In other words, older generations could expect to work for the same company over the course of their careers and receive pension payments when they retired. The same cannot be said for younger generations, as pensions for the most part have gone extinct.
Although most Gen Zers and millennials don’t expect a pension, the fact that retirement is decades away is probably why many haven’t given thought to saving for it. But the sooner they start saving, the more time their money has to grow and compound and sustain them through their retirement years.
How To Start Saving for Retirement
The best time to start saving for retirement is when you get your first full-time job. That being said, if you haven’t started saving for retirement yet at age 40 or 50, it’s not too late to start.
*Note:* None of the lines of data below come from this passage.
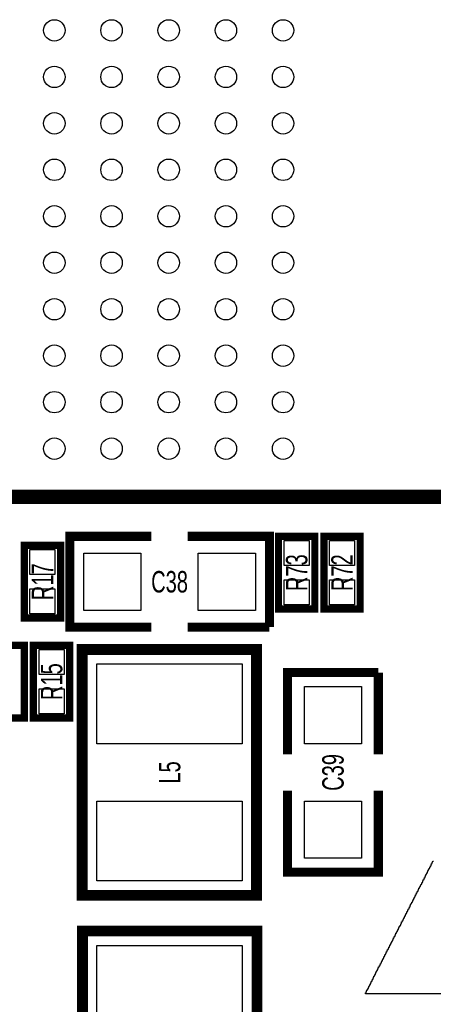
# Model space of a CAD drawing. Extents: x -3 to 88, y 0 to 100.
# Tile 4 of 15: x 40 to 46, y 13 to 27. Entities that reach past the tile are written whole.
import ezdxf
from ezdxf.enums import TextEntityAlignment as Align

# ---------------------------------------------------------------- set-up
doc = ezdxf.new("R2010")
doc.units = 0
for name, color, linetype in [('BG_SILKSCREEN_TOP', 7, 'CONTINUOUS'), ('PG_SILKSCREEN_TOP', 253, 'CONTINUOUS'), ('PIN_TOP', 92, 'CONTINUOUS'), ('RD_SILKSCREEN_TOP', 85, 'CONTINUOUS')]:
    doc.layers.add(name, color=color, linetype=linetype)

msp = doc.modelspace()

# ---------------------------------------------------------------- linework, layer by layer
at = {"layer": 'BG_SILKSCREEN_TOP'}
msp.add_lwpolyline([(50.775819, 13.033883), (44.778981, 13.033883), (44.778981, 13.04765), (44.785534, 13.04765), (44.785534, 13.060756), (44.792087, 13.060756), (44.792087, 13.073863), (44.79864, 13.073863), (44.79864, 13.086969), (44.805194, 13.086969), (44.805194, 13.093522), (44.811747, 13.093522), (44.811747, 13.106629), (44.8183, 13.106629), (44.8183, 13.119735), (44.824853, 13.119735), (44.824853, 13.132841), (44.831406, 13.132841), (44.831406, 13.145948), (44.83796, 13.145948), (44.83796, 13.159054), (44.844513, 13.159054), (44.844513, 13.172161), (44.851066, 13.172161), (44.851066, 13.185267), (44.857619, 13.185267), (44.857619, 13.198373), (44.864172, 13.198373), (44.864172, 13.21148), (44.870726, 13.21148), (44.870726, 13.224586), (44.877279, 13.224586), (44.877279, 13.237693), (44.883832, 13.237693), (44.883832, 13.250799), (44.890385, 13.250799), (44.890385, 13.263905), (44.896938, 13.263905), (44.896938, 13.277012), (44.903492, 13.277012), (44.903492, 13.290118), (44.910045, 13.290118), (44.910045, 13.303225), (44.916598, 13.303225), (44.916598, 13.316331), (44.923151, 13.316331), (44.923151, 13.329437), (44.929704, 13.329437), (44.929704, 13.342544), (44.936258, 13.342544), (44.936258, 13.35565), (44.942811, 13.35565), (44.942811, 13.368757), (44.949364, 13.368757), (44.949364, 13.381863), (44.955917, 13.381863), (44.955917, 13.394969), (44.96247, 13.394969), (44.96247, 13.408076), (44.969024, 13.408076), (44.969024, 13.414629), (44.975577, 13.414629), (44.975577, 13.427735), (44.98213, 13.427735), (44.98213, 13.440842), (44.988683, 13.440842), (44.988683, 13.453948), (44.995236, 13.453948), (44.995236, 13.467055), (45.00179, 13.467055), (45.00179, 13.480161), (45.008343, 13.480161), (45.008343, 13.493267), (45.014896, 13.493267), (45.014896, 13.506374), (45.021449, 13.506374), (45.021449, 13.51948), (45.028002, 13.51948), (45.028002, 13.532587), (45.034556, 13.532587), (45.034556, 13.545693), (45.041109, 13.545693), (45.041109, 13.558799), (45.047662, 13.558799), (45.047662, 13.571906), (45.054215, 13.571906), (45.054215, 13.585012), (45.060768, 13.585012), (45.060768, 13.598119), (45.067322, 13.598119), (45.067322, 13.611225), (45.073875, 13.611225), (45.073875, 13.624331), (45.080428, 13.624331), (45.080428, 13.637438), (45.086981, 13.637438), (45.086981, 13.650544), (45.093534, 13.650544), (45.093534, 13.657097), (45.100088, 13.657097), (45.100088, 13.670204), (45.106641, 13.670204), (45.106641, 13.68331), (45.113194, 13.68331), (45.113194, 13.696417), (45.119747, 13.696417), (45.119747, 13.716076), (45.1263, 13.716076), (45.1263, 13.722629), (45.132854, 13.722629), (45.132854, 13.735736), (45.139407, 13.735736), (45.139407, 13.748842), (45.14596, 13.748842), (45.14596, 13.761949), (45.152513, 13.761949), (45.152513, 13.775055), (45.159066, 13.775055), (45.159066, 13.788161), (45.16562, 13.788161), (45.16562, 13.801268), (45.172173, 13.801268), (45.172173, 13.814374), (45.178726, 13.814374), (45.178726, 13.827481), (45.185279, 13.827481), (45.185279, 13.840587), (45.191832, 13.840587), (45.191832, 13.853693), (45.198386, 13.853693), (45.198386, 13.8668), (45.204939, 13.8668), (45.204939, 13.879906), (45.211492, 13.879906), (45.211492, 13.893013), (45.218045, 13.893013), (45.218045, 13.906119), (45.224598, 13.906119), (45.224598, 13.919225), (45.231152, 13.919225), (45.231152, 13.932332), (45.237705, 13.932332), (45.237705, 13.945438), (45.244258, 13.945438), (45.244258, 13.958545), (45.250811, 13.958545), (45.250811, 13.971651), (45.257364, 13.971651), (45.257364, 13.978204), (45.263918, 13.978204), (45.263918, 13.991311), (45.270471, 13.991311), (45.270471, 14.004417), (45.277024, 14.004417), (45.277024, 14.017523), (45.283577, 14.017523), (45.283577, 14.037183), (45.29013, 14.037183), (45.29013, 14.043736), (45.296684, 14.043736), (45.296684, 14.056843), (45.303237, 14.056843), (45.303237, 14.069949), (45.30979, 14.069949), (45.30979, 14.083055), (45.316343, 14.083055), (45.316343, 14.096162), (45.322896, 14.096162), (45.322896, 14.109268), (45.32945, 14.109268), (45.32945, 14.122375), (45.336003, 14.122375), (45.336003, 14.135481), (45.342556, 14.135481), (45.342556, 14.148587), (45.349109, 14.148587), (45.349109, 14.161694), (45.355662, 14.161694), (45.355662, 14.1748), (45.362216, 14.1748), (45.362216, 14.187907), (45.368769, 14.187907), (45.368769, 14.201013), (45.375322, 14.201013), (45.375322, 14.214119), (45.381875, 14.214119), (45.381875, 14.220673), (45.388428, 14.220673), (45.388428, 14.233779), (45.394982, 14.233779), (45.394982, 14.246885), (45.401535, 14.246885), (45.401535, 14.266545), (45.408088, 14.266545), (45.408088, 14.279651), (45.414641, 14.279651), (45.414641, 14.292758), (45.421194, 14.292758), (45.421194, 14.299311), (45.427748, 14.299311), (45.427748, 14.312417), (45.434301, 14.312417), (45.434301, 14.325524), (45.440854, 14.325524), (45.440854, 14.33863), (45.447407, 14.33863), (45.447407, 14.351737), (45.45396, 14.351737), (45.45396, 14.364843), (45.460514, 14.364843), (45.460514, 14.377949), (45.467067, 14.377949), (45.467067, 14.391056), (45.47362, 14.391056), (45.47362, 14.404162), (45.480173, 14.404162), (45.480173, 14.417269), (45.486726, 14.417269), (45.486726, 14.430375), (45.49328, 14.430375), (45.49328, 14.443481), (45.499833, 14.443481), (45.499833, 14.456588), (45.506386, 14.456588), (45.506386, 14.469694), (45.512939, 14.469694), (45.512939, 14.482801), (45.519492, 14.482801), (45.519492, 14.495907), (45.526046, 14.495907), (45.526046, 14.509013), (45.532599, 14.509013), (45.532599, 14.52212), (45.539152, 14.52212), (45.539152, 14.535226), (45.545705, 14.535226), (45.545705, 14.548333), (45.552258, 14.548333), (45.552258, 14.554886), (45.558812, 14.554886), (45.558812, 14.567992), (45.565365, 14.567992), (45.565365, 14.581099), (45.571918, 14.581099), (45.571918, 14.594205), (45.578471, 14.594205), (45.578471, 14.613865), (45.585024, 14.613865), (45.585024, 14.626971), (45.591578, 14.626971), (45.591578, 14.633524), (45.598131, 14.633524), (45.598131, 14.646631), (45.604684, 14.646631), (45.604684, 14.659737), (45.611237, 14.659737), (45.611237, 14.672843), (45.61779, 14.672843), (45.61779, 14.68595), (45.624344, 14.68595), (45.624344, 14.699056), (45.630897, 14.699056), (45.630897, 14.712163), (45.63745, 14.712163), (45.63745, 14.725269), (45.644003, 14.725269), (45.644003, 14.738375), (45.650556, 14.738375), (45.650556, 14.751482), (45.65711, 14.751482), (45.65711, 14.764588), (45.663663, 14.764588), (45.663663, 14.777695), (45.670216, 14.777695), (45.670216, 14.790801), (45.676769, 14.790801), (45.676769, 14.803907), (45.683322, 14.803907), (45.683322, 14.810461), (45.689876, 14.810461), (45.689876, 14.823567), (45.696429, 14.823567), (45.696429, 14.843227), (45.702982, 14.843227), (45.702982, 14.856333), (45.709535, 14.856333), (45.709535, 14.869439), (45.716088, 14.869439), (45.716088, 14.875993), (45.722642, 14.875993), (45.722642, 14.889099), (45.729195, 14.889099)], dxfattribs=at)
at = {"layer": 'PG_SILKSCREEN_TOP'}
for points, const_width in [([(49.824996, 19.982688), (39.82499, 19.982688)], 0.199898), ([(41.783, 18.161), (40.64, 18.161), (40.64, 19.431), (41.783, 19.431)], 0.127), ([(42.291, 19.431), (43.434, 19.431), (43.434, 18.161)], 0.127), ([(44.069, 18.415), (44.069, 19.431), (43.561, 19.431), (43.561, 18.415), (44.069, 18.415)], 0.1016), ([(44.704, 18.415), (44.704, 19.431), (44.196, 19.431), (44.196, 18.415), (44.704, 18.415)], 0.1016), ([(40.513, 18.288), (40.513, 19.304), (40.005, 19.304), (40.005, 18.288), (40.513, 18.288)], 0.1016), ([(43.434, 18.161), (42.291, 18.161)], 0.127), ([(40.005, 16.891), (40.005, 17.907), (39.497, 17.907), (39.497, 16.891), (40.005, 16.891)], 0.1016), ([(40.64, 16.891), (40.64, 17.907), (40.132, 17.907), (40.132, 16.891), (40.64, 16.891)], 0.1016), ([(40.81399, 17.847818), (40.81399, 14.410182), (43.254168, 14.410182), (43.254168, 17.848072), (40.81399, 17.848072), (40.81399, 17.847818)], 0.1524), ([(43.688, 16.383), (43.688, 17.526), (44.958, 17.526)], 0.127), ([(44.958, 17.526), (44.958, 16.383)], 0.127), ([(44.958, 15.875), (44.958, 14.732), (43.688, 14.732), (43.688, 15.875)], 0.127), ([(43.26001, 10.473182), (43.26001, 13.910818), (40.819832, 13.910818), (40.819832, 10.472928), (43.26001, 10.472928), (43.26001, 10.473182)], 0.1524)]:
    msp.add_lwpolyline(points, dxfattribs=dict(at, const_width=const_width))
at = {"layer": 'PIN_TOP'}
for points in [[(43.990006, 19.023076), (43.639994, 19.023076), (43.639994, 19.373088), (43.990006, 19.373088)], [(44.625006, 19.023076), (44.274994, 19.023076), (44.274994, 19.373088), (44.625006, 19.373088)], [(40.434006, 18.896076), (40.083994, 18.896076), (40.083994, 19.246088), (40.434006, 19.246088)], [(41.63695, 19.19605), (41.63695, 18.39595), (40.83685, 18.39595), (40.83685, 19.19605)], [(43.23715, 19.19605), (43.23715, 18.39595), (42.43705, 18.39595), (42.43705, 19.19605)], [(43.990006, 18.472912), (43.639994, 18.472912), (43.639994, 18.822924), (43.990006, 18.822924)], [(44.625006, 18.472912), (44.274994, 18.472912), (44.274994, 18.822924), (44.625006, 18.822924)], [(40.434006, 18.345912), (40.083994, 18.345912), (40.083994, 18.695924), (40.434006, 18.695924)], [(40.561006, 17.499076), (40.210994, 17.499076), (40.210994, 17.849088), (40.561006, 17.849088)], [(41.021, 17.64665), (43.053, 17.64665), (43.053, 16.52905), (41.021, 16.52905)], [(40.561006, 16.948912), (40.210994, 16.948912), (40.210994, 17.298924), (40.561006, 17.298924)], [(43.92295, 17.32915), (44.72305, 17.32915), (44.72305, 16.52905), (43.92295, 16.52905)], [(41.021, 15.72895), (43.053, 15.72895), (43.053, 14.61135), (41.021, 14.61135)], [(43.92295, 15.72895), (44.72305, 15.72895), (44.72305, 14.92885), (43.92295, 14.92885)], [(43.053, 12.59205), (41.021, 12.59205), (41.021, 13.70965), (43.053, 13.70965)]]:
    msp.add_lwpolyline(points, close=True, dxfattribs=at)
for centre in [(40.425014, 26.507694), (41.225114, 26.507694), (42.02491, 26.507694), (42.82501, 26.507694), (43.62511, 26.507694), (40.425014, 25.857708), (41.225114, 25.857708), (42.02491, 25.857708), (42.82501, 25.857708), (43.62511, 25.857708), (40.425014, 25.207697), (41.225114, 25.207697), (42.02491, 25.207697), (42.82501, 25.207697), (43.62511, 25.207697), (40.425014, 24.557711), (41.225114, 24.557711), (42.02491, 24.557711), (42.82501, 24.557711), (43.62511, 24.557711), (40.425014, 23.907801), (41.225114, 23.907801), (42.02491, 23.907801), (42.82501, 23.907801), (43.62511, 23.907801), (40.425014, 23.257789), (41.225114, 23.257789), (42.02491, 23.257789), (42.82501, 23.257789), (43.62511, 23.257789), (40.425014, 22.607803), (41.225114, 22.607803), (42.02491, 22.607803), (42.82501, 22.607803), (43.62511, 22.607803), (40.425014, 21.957792), (41.225114, 21.957792), (42.02491, 21.957792), (42.82501, 21.957792), (43.62511, 21.957792), (40.425014, 21.307806), (41.225114, 21.307806), (42.02491, 21.307806), (42.82501, 21.307806), (43.62511, 21.307806), (40.425014, 20.657795), (41.225114, 20.657795), (42.02491, 20.657795), (42.82501, 20.657795), (43.62511, 20.657795)]:
    msp.add_circle(centre, 0.149847, dxfattribs=at)

# ---------------------------------------------------------------- texts
at = {"layer": 'RD_SILKSCREEN_TOP', "width": 0.699348}
for s, p in [('R73', (43.964987, 18.922873)), ('R72', (44.599987, 18.922873)), ('R17', (40.408987, 18.795873)), ('R15', (40.535987, 17.398873)), ('L5', (42.186987, 16.128873)), ('C39', (44.472987, 16.128873))]:
    msp.add_text(s, height=0.299999, rotation=90, dxfattribs=at).set_placement(p, align=Align.CENTER)
msp.add_text('C38', height=0.299999, dxfattribs=at).set_placement((42.037, 18.645988), align=Align.CENTER)

doc.saveas('drawing.dxf')

Saving for retirement can be daunting. With all your other financial responsibilities, you might not want to set aside money for something that seems so far away. That being said, you might be surprised by how manageable saving for retirement can be if you break it down into bite-sized goals and automate it.
The 12% Rule
For Gen Zers looking to start saving for retirement, financial experts recommend staying disciplined about setting aside a percentage of your paycheck every month.
“Ideally, when someone starts their first full-time employment, they will start saving 12% toward retirement,” said Tommy Thompson Jr., CFP® with Innovative Financial Group. “The more time your savings have to compound, the greater your chances of a financially sound retirement.”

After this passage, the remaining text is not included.